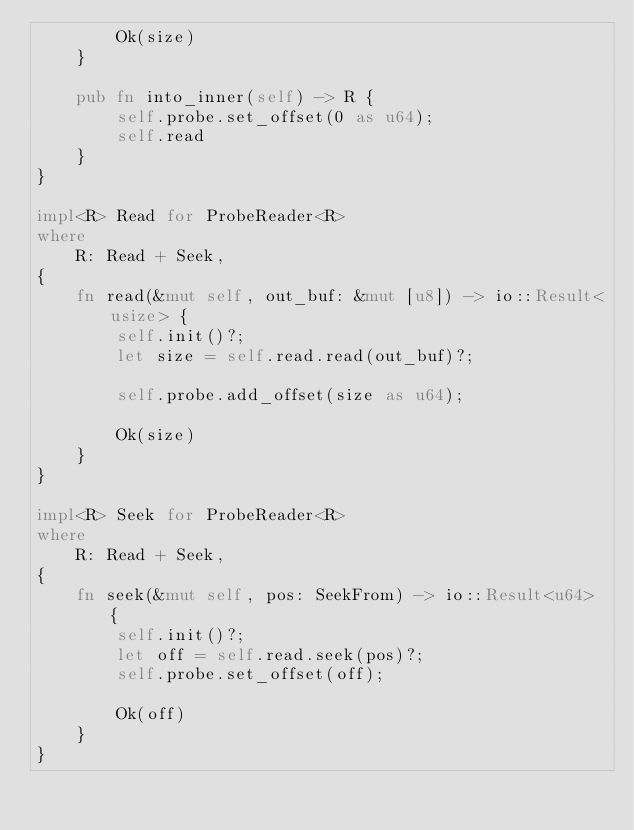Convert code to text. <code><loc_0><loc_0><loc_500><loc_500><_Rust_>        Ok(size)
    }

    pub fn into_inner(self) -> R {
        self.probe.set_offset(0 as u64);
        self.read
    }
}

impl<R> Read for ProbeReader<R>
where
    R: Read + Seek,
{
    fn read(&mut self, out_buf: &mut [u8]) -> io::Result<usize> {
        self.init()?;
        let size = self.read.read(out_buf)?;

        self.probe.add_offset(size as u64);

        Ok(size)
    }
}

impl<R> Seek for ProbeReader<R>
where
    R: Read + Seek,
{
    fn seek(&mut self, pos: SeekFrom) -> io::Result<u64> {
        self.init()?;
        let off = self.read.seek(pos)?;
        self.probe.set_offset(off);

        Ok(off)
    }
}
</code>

...

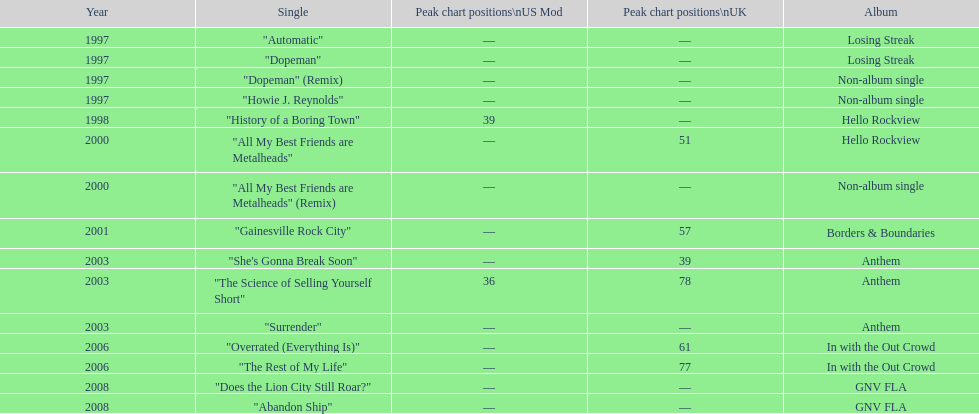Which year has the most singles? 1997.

**Your instructions**
Every line above with the string "impl" in it should be copied into the answer.

**Your solution**
impl<R> Read for ProbeReader<R>
impl<R> Seek for ProbeReader<R>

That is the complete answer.